Do people ever make art out of these topics. For example people have made art about the Collatz Conjecture so I’m wondering if there is any graph related art?
I have not seen art made with PCA, but PCA is often used to analyze satellite photos, and the resulting images look quite artistic, see this one, for example.
Is demeaning data necessary or is it more for the presentation of the results?
It is necessary, without it PCA will give wrong results.
I have question about Python code, If I used python from your post, how can I use it in my HW?
I am afraid I don’t understand the issue. Please ask me in person (in class, after class, at office hours) and I will try to help.
- In lecture note 27 I saw the proj being used and wondered if I could get more insight about it. I have seen proj in previous courses before but I would still like more clarification about what proj means and what it does and how we compute it.

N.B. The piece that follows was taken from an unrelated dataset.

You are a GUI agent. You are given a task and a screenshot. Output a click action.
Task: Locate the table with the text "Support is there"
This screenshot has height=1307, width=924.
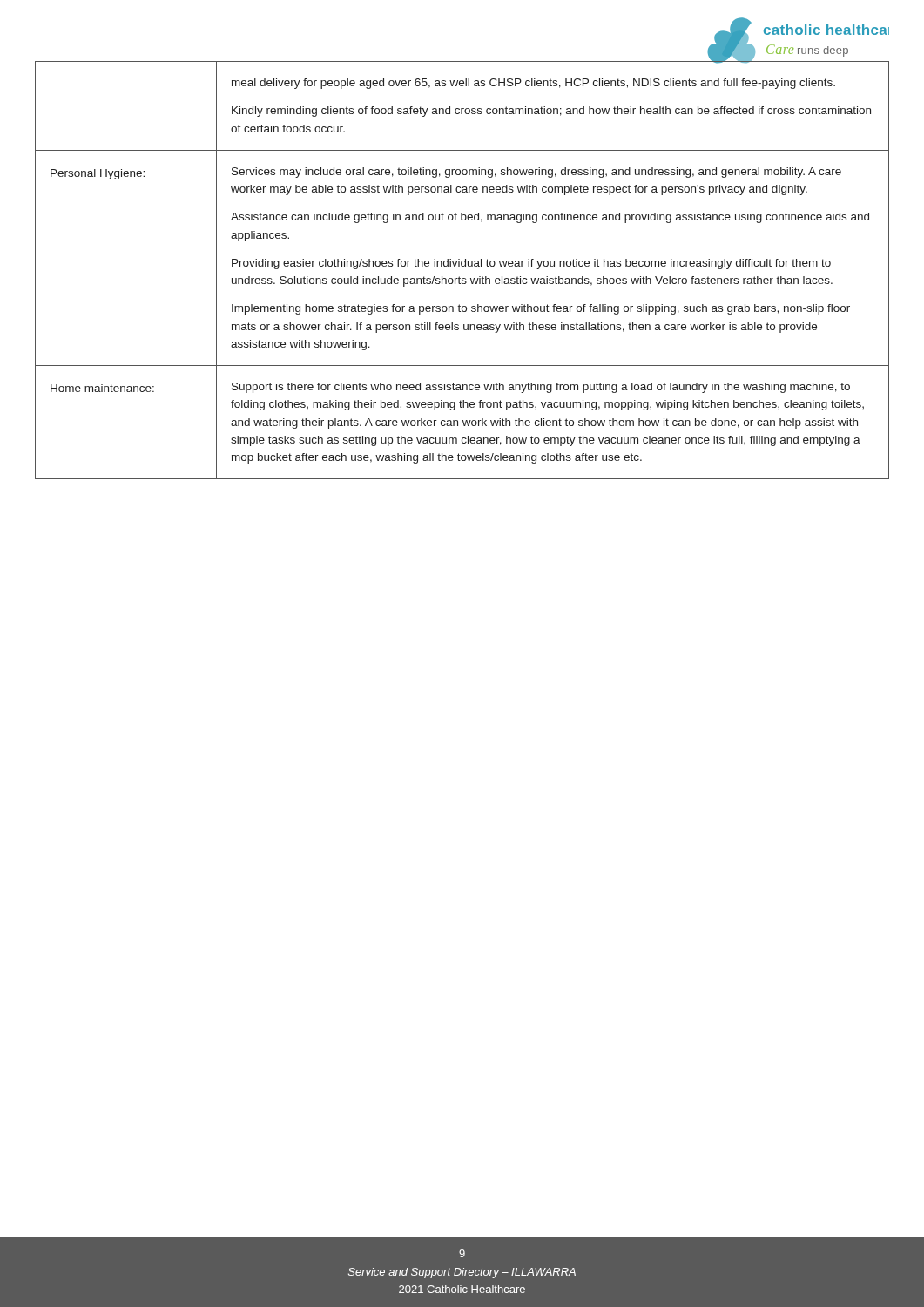pyautogui.click(x=462, y=270)

- Another question I have is about the difference matrix. When computing the difference matrix do the matrices have to have the same dimensions or can we take the difference matrix from matrices of different dimensions just like how we can multiply a 2x3 and a 3x2 matrix?
Orthogonal projection of a vector \(v\) onto a vector \(u\) decomposes \(v\) into a vector that is a scalar multiple of \(u\) and a vector which is orthogonal to \(u\). A different way of looking at this is that the orthogonal projection produces a vector which is a scalar multiple of \(u\), but at the same time is as close to \(v\) as possible.
Addition and subtraction of matrices are defined only for matrices of the same dimensions.
Why do we always have to use demeaned data for PCA?
One way to look at it is that PCA provides a new coordinate system for a given set of data. The origin of this coordinate system is the center (i.e. the mean) of the data. Demeaning shift the data, so that this new origin of the coordinate systems agrees with the usual origin.